Canto XIX

Vala dos simoníacos
Espírito do papa Nicolau III

Ó Simão mago, e todos aqueles que te seguiram, profanando e vendendo as coisas de Deus pelo preço de ouro e prata! Em vossa homenagem devo soar a trombeta, pois é aqui, nesta terceira vala, onde estais!

Já estávamos no meio da ponte sobre a terceira vala. De lá eu vi nas encostas e nos fundos da pedra gelada, redondos furos escavados de igual tamanho. Da boca dos furos pendiam os pés de um penitente, cujo corpo estava enterrado nos buracos com a cabeça para baixo. Nas plantas dos pés ardiam chamas, que escorriam por seus calcanhares. Os sofredores, desesperados, agitavam seus pés freneticamente, na vã esperança de livrarem-se das dores causadas pelas chamas.

- Mestre - perguntei -, quem é aquele que se debate mais que os outros, e que é torturado por uma chama mais vermelha?

- Se quiseres- respondeu - eu te levarei até ele, e lá poderás perguntar quem ele é e de onde veio.

Concordei e ele me ajudou na descida difícil, me segurando enquanto passávamos pelas beiras esburacadas. Só quando eu estava diante do pecador foi que ele me soltou.

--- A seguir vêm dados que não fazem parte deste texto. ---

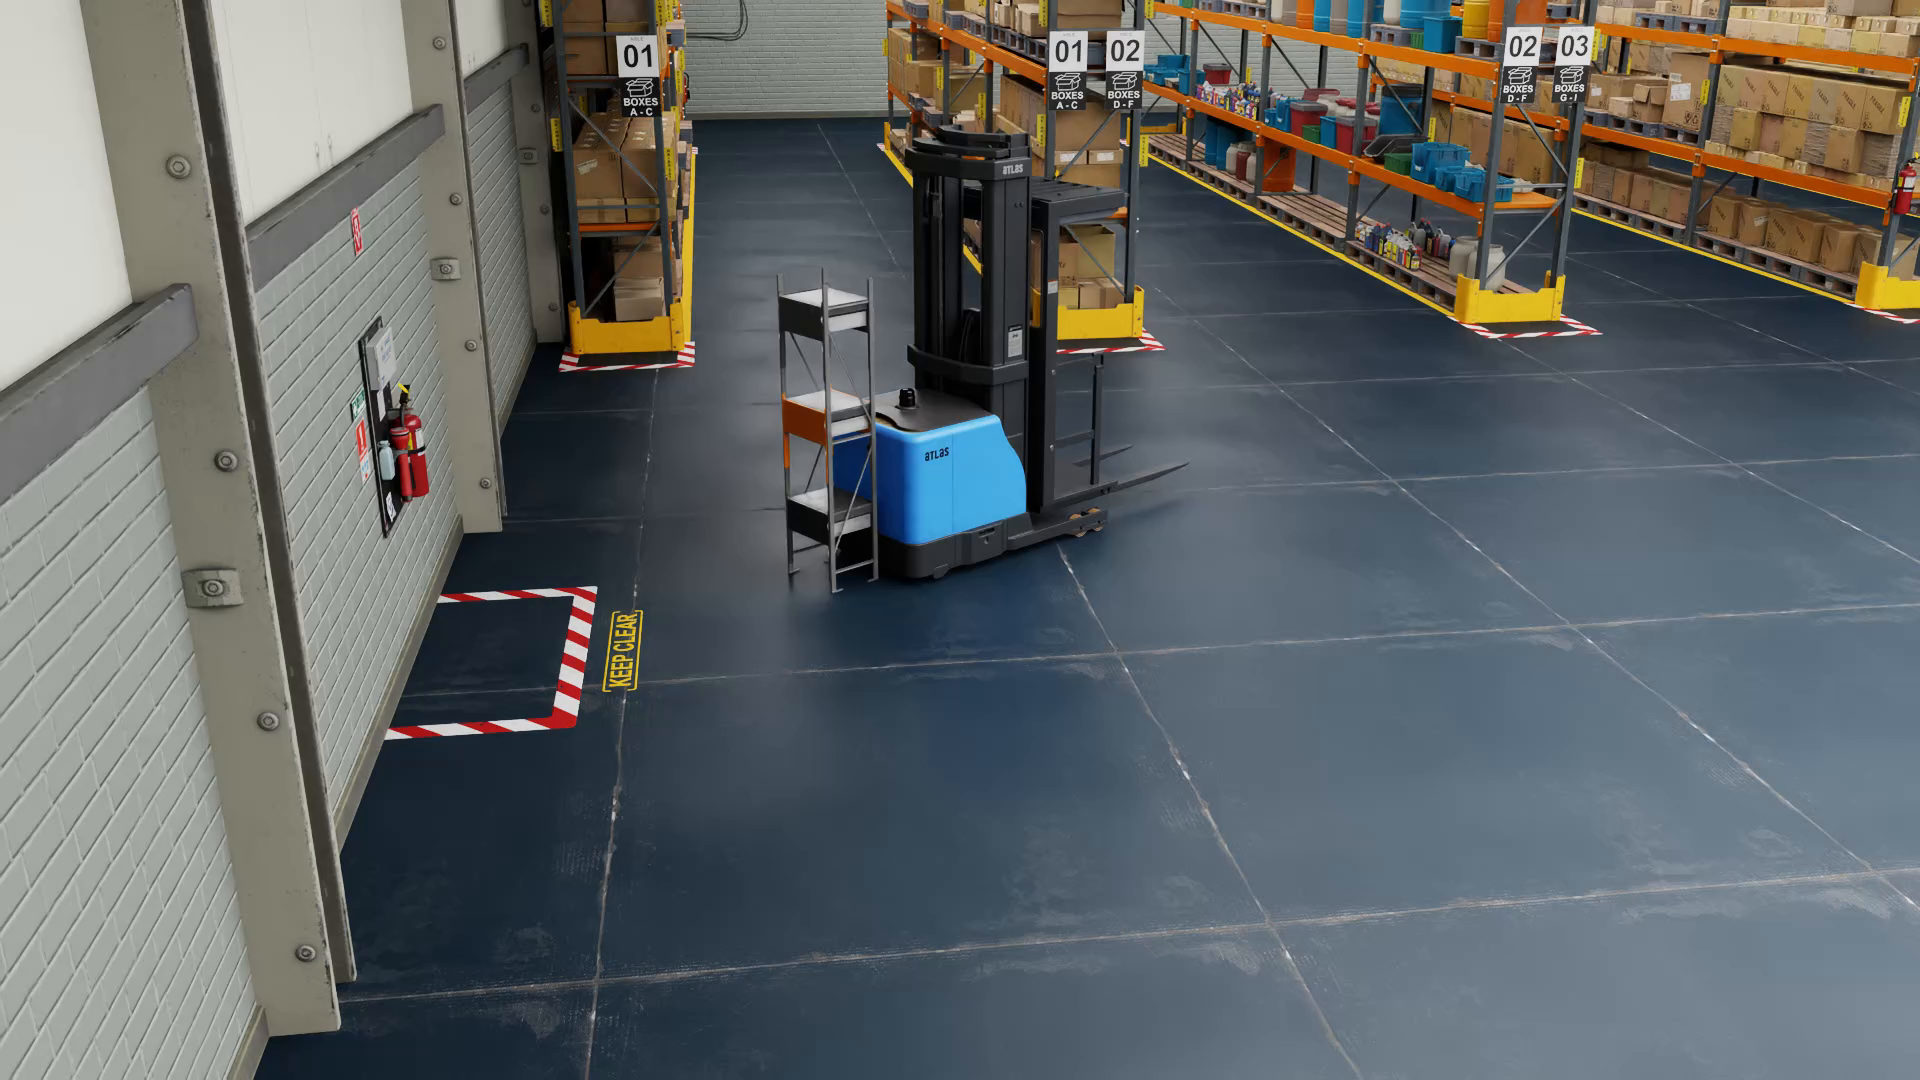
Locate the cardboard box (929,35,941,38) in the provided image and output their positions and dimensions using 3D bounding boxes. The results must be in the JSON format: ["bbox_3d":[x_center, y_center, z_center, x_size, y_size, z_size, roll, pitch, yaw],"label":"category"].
[{"bbox_3d":[-0.272,-8.864,30.090,0.500,0.500,0.500,-4,21,-9],"label":"cardboard box"}]

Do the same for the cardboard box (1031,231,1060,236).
[{"bbox_3d":[0.865,-3.436,19.387,0.500,0.500,0.500,-3,21,-8],"label":"cardboard box"}]

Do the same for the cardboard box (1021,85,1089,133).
[{"bbox_3d":[1.107,-5.025,19.386,0.700,0.500,0.500,-3,21,-8],"label":"cardboard box"}]

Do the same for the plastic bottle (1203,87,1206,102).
[{"bbox_3d":[4.267,-7.736,28.825,0.097,0.271,0.097,0,20,0],"label":"plastic bottle"}]

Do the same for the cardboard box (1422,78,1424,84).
[{"bbox_3d":[8.953,-8.641,31.424,0.380,0.149,0.250,-3,21,-7],"label":"cardboard box"}]

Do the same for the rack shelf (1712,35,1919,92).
[{"bbox_3d":[10.911,-5.919,20.518,1.077,0.370,4.000,-3,21,-8],"label":"rack shelf"}]

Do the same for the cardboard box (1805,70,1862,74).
[{"bbox_3d":[11.104,-5.710,21.220,0.500,0.500,0.500,-3,21,-8],"label":"cardboard box"}]

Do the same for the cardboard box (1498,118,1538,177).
[{"bbox_3d":[9.846,-6.679,28.248,1.225,0.875,0.875,-3,21,-8],"label":"cardboard box"}]

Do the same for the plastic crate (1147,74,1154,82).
[{"bbox_3d":[3.764,-8.901,32.052,0.250,0.136,0.298,-3,21,-8],"label":"plastic crate"}]

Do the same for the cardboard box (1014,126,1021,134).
[{"bbox_3d":[0.856,-4.847,19.837,0.380,0.149,0.250,-4,21,-9],"label":"cardboard box"}]

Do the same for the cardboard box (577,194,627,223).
[{"bbox_3d":[-3.765,-3.500,17.487,0.500,0.250,0.500,-3,21,-7],"label":"cardboard box"}]

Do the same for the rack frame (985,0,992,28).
[{"bbox_3d":[0.819,-7.856,20.387,1.000,3.000,0.127,-3,21,-8],"label":"rack frame"}]

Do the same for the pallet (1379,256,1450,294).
[{"bbox_3d":[5.956,-3.329,20.829,1.003,0.211,1.213,-3,21,-8],"label":"pallet"}]

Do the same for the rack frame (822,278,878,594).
[{"bbox_3d":[-0.719,-0.668,11.003,0.400,2.100,0.015,-17,27,-38],"label":"rack frame"}]

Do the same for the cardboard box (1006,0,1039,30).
[{"bbox_3d":[0.932,-6.185,19.253,0.797,0.503,0.637,-1,20,-2],"label":"cardboard box"}]

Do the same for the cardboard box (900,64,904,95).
[{"bbox_3d":[-0.812,-8.378,30.218,0.500,0.500,0.500,-2,21,-7],"label":"cardboard box"}]

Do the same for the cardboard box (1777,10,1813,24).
[{"bbox_3d":[10.519,-6.574,20.888,0.380,0.149,0.250,-3,21,-9],"label":"cardboard box"}]

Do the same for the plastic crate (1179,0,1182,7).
[{"bbox_3d":[4.121,-9.689,29.824,0.416,0.233,0.300,-3,21,-8],"label":"plastic crate"}]

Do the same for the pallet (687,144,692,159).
[{"bbox_3d":[-5.619,-7.370,31.646,1.003,0.211,1.213,-3,21,-8],"label":"pallet"}]

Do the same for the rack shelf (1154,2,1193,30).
[{"bbox_3d":[4.280,-9.824,30.974,1.077,0.370,4.000,-3,21,-8],"label":"rack shelf"}]

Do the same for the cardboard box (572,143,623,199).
[{"bbox_3d":[-3.784,-3.852,17.357,0.500,0.500,0.500,-3,21,-8],"label":"cardboard box"}]

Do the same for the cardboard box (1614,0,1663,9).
[{"bbox_3d":[10.008,-8.089,24.443,0.500,0.500,0.500,-4,21,-9],"label":"cardboard box"}]

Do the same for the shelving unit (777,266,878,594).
[{"bbox_3d":[-0.881,-0.732,11.174,0.431,2.100,0.503,-17,27,-38],"label":"shelving unit"}]

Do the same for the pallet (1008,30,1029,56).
[{"bbox_3d":[1.140,-5.693,19.012,1.003,0.211,1.213,-3,21,-8],"label":"pallet"}]

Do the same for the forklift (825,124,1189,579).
[{"bbox_3d":[0.470,-1.518,12.093,3.031,2.935,1.130,-17,27,-38],"label":"forklift"}]

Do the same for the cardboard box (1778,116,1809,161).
[{"bbox_3d":[10.867,-5.053,20.889,0.875,0.500,0.500,-3,21,-8],"label":"cardboard box"}]

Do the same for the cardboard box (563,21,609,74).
[{"bbox_3d":[-3.816,-5.002,16.864,0.500,0.500,0.500,-1,21,-4],"label":"cardboard box"}]

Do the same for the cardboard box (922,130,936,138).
[{"bbox_3d":[-0.361,-6.675,27.674,0.500,0.250,0.500,-3,21,-8],"label":"cardboard box"}]

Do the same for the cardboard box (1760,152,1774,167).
[{"bbox_3d":[10.561,-4.905,21.420,0.380,0.149,0.250,-3,21,-8],"label":"cardboard box"}]

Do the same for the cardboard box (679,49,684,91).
[{"bbox_3d":[-5.613,-8.662,30.692,0.980,0.700,0.700,-3,21,-8],"label":"cardboard box"}]

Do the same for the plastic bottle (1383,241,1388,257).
[{"bbox_3d":[5.472,-3.724,21.270,0.097,0.201,0.097,0,20,0],"label":"plastic bottle"}]

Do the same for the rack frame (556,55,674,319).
[{"bbox_3d":[-3.506,-3.409,17.057,1.000,3.000,0.127,-3,21,-8],"label":"rack frame"}]

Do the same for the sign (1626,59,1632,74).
[{"bbox_3d":[10.582,-7.464,26.373,0.100,0.325,0.005,-3,21,-8],"label":"sign"}]

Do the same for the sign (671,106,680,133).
[{"bbox_3d":[-3.546,-5.230,20.694,0.100,0.325,0.005,-3,21,-8],"label":"sign"}]

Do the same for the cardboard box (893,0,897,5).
[{"bbox_3d":[-0.955,-9.997,30.624,0.500,0.250,0.500,-3,21,-8],"label":"cardboard box"}]

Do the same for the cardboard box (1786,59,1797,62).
[{"bbox_3d":[14.788,-8.398,29.324,0.380,0.149,0.250,-4,21,-10],"label":"cardboard box"}]

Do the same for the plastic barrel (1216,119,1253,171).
[{"bbox_3d":[4.732,-6.843,28.649,0.600,0.901,0.708,-3,21,-8],"label":"plastic barrel"}]

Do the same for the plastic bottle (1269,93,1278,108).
[{"bbox_3d":[5.202,-7.267,27.563,0.152,0.276,0.135,-3,21,-8],"label":"plastic bottle"}]

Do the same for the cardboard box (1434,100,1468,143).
[{"bbox_3d":[9.453,-7.747,31.108,0.875,0.875,0.875,-3,21,-8],"label":"cardboard box"}]

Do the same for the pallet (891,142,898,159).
[{"bbox_3d":[-0.784,-7.591,32.240,1.003,0.211,1.213,-3,21,-8],"label":"pallet"}]

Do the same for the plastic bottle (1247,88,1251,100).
[{"bbox_3d":[4.950,-7.569,28.379,0.097,0.271,0.097,0,20,0],"label":"plastic bottle"}]

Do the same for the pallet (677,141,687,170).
[{"bbox_3d":[-4.048,-4.976,21.526,1.003,0.211,1.213,-3,21,-8],"label":"pallet"}]

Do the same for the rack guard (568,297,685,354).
[{"bbox_3d":[-3.517,-2.264,17.565,1.175,0.500,0.348,-3,21,-8],"label":"rack guard"}]

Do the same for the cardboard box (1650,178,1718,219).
[{"bbox_3d":[10.505,-4.958,24.149,0.700,0.500,0.500,-3,21,-8],"label":"cardboard box"}]

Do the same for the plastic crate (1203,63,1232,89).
[{"bbox_3d":[4.688,-8.443,30.359,0.402,0.464,0.583,-3,21,-8],"label":"plastic crate"}]

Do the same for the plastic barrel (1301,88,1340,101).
[{"bbox_3d":[5.512,-6.597,25.398,0.600,0.536,0.708,-3,21,-8],"label":"plastic barrel"}]

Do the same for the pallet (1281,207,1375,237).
[{"bbox_3d":[5.391,-4.681,24.447,1.003,0.211,1.213,-3,21,-8],"label":"pallet"}]

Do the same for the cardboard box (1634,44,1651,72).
[{"bbox_3d":[13.767,-9.576,33.000,0.500,0.500,0.500,-3,21,-7],"label":"cardboard box"}]

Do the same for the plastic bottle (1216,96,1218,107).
[{"bbox_3d":[4.381,-7.429,28.103,0.097,0.201,0.097,0,20,0],"label":"plastic bottle"}]

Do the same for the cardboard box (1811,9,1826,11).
[{"bbox_3d":[11.091,-6.693,21.207,0.380,0.149,0.250,-4,21,-9],"label":"cardboard box"}]

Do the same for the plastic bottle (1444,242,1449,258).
[{"bbox_3d":[6.237,-3.706,21.223,0.097,0.201,0.097,0,20,0],"label":"plastic bottle"}]

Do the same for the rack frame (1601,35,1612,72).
[{"bbox_3d":[13.816,-9.913,34.472,1.000,3.000,0.127,-3,21,-8],"label":"rack frame"}]

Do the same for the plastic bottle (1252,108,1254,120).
[{"bbox_3d":[4.666,-6.745,26.272,0.097,0.201,0.097,0,20,0],"label":"plastic bottle"}]

Dante conversa com o papa Nicolau III que o confunde com o papa Bonifácio VIII, aguardado naquela parte do Inferno. Ilustração de Gustave Doré (séc XIX).

- Ó tu, alma desgraçada que estás plantada, fala se puderes! - fui dizendo, enquanto me abaixava diante dele como um frade durante uma confissão.

- Já estás aí plantado? Já estás aí plantado, Bonifácio? Por muitos anos enganou-me o escrito! - falou a alma pensando que eu fosse outro. Fiquei imóvel sem saber como responder.

- Rápido, dize a ele que não és ele, que não és aquele que ele pensa que és - ordenou Virgílio, e eu respondi ao espírito da mesma forma como ele me pediu.

- Bem, então o que querem de mim? - perguntou, suspirando e torcendo os pés - Se querem saber quem eu sou, saibam que um dia fui papa, mas na verdade eu era filho da Ursa. Por tanto procurar embolsar ouro naquele mundo, aqui eu mesmo fui embolsado. Neste buraco, abaixo da minha cabeça, estão empilhados todos aqueles que me precederam, pecando por tráfico de coisas divinas, espremidos nas fissuras da pedra. Eu aguardo a chegada daquele que eu pensava que tu eras, que ocupará o lugar que hoje ocupo, me empurrando mais para baixo neste buraco. Os pés dele arderão em chamas até que ele seja também substituído por um pastor sem lei, que virá do ocidente, e que pelo rei da França será protegido. Ele cobrirá a Bonifácio e a mim.

Não resisti em respondê-lo com suas próprias palavras:

- Bem, dize-me quanto foi que Pedro teve que pagar ao nosso Senhor antes que Ele desse-lhe as chaves de sua Igreja? Estejas certo que ele pediu nada mais que "Me acompanha." Então fica tu aí pois essa tua punição é merecida. Tua avareza traz tristeza ao mundo, esmagando os justos, premiando os depravados. Criastes para vós, pastores pervertidos, um deus de ouro e prata! Pouca diferença há entre vós e os idólatras, exceto que eles só adoram a um, e vós adorais centenas!

E enquanto eu falava essas palavras, aqueles pés escoiceavam mais ainda, talvez por ira ou mordidas de consciência. O mestre então me levou de volta à ribanceira e seguimos para a quarta vala.